Problem: Would you mind restating all of the records word for word, skipping the pictures?

(Provided entries Opens)

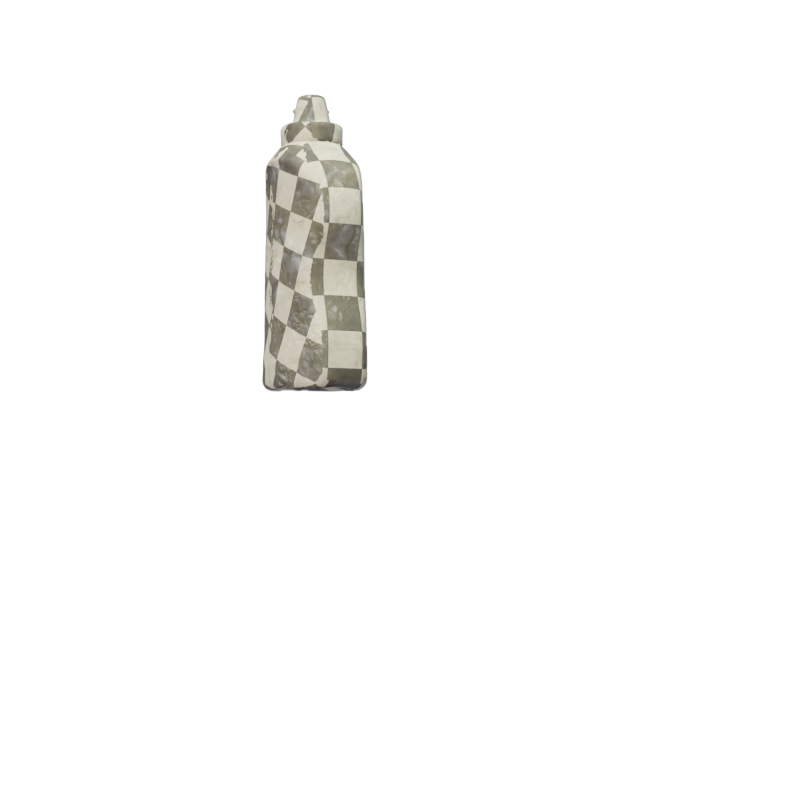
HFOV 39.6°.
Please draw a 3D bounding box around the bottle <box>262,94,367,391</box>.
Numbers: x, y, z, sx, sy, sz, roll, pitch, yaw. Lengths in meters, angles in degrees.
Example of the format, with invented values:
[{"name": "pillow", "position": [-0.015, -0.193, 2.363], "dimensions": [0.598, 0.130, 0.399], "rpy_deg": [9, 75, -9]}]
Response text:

(Provided entries Closes)

Solution to this task:
HFOV 39.6°.
Please draw a 3D bounding box around the bottle <box>262,94,367,391</box>.
Numbers: x, y, z, sx, sy, sz, roll, pitch, yaw. Lengths in meters, angles in degrees.
Example of the format, with invented values:
[{"name": "pillow", "position": [-0.015, -0.193, 2.363], "dimensions": [0.598, 0.130, 0.399], "rpy_deg": [9, 75, -9]}]
Response text:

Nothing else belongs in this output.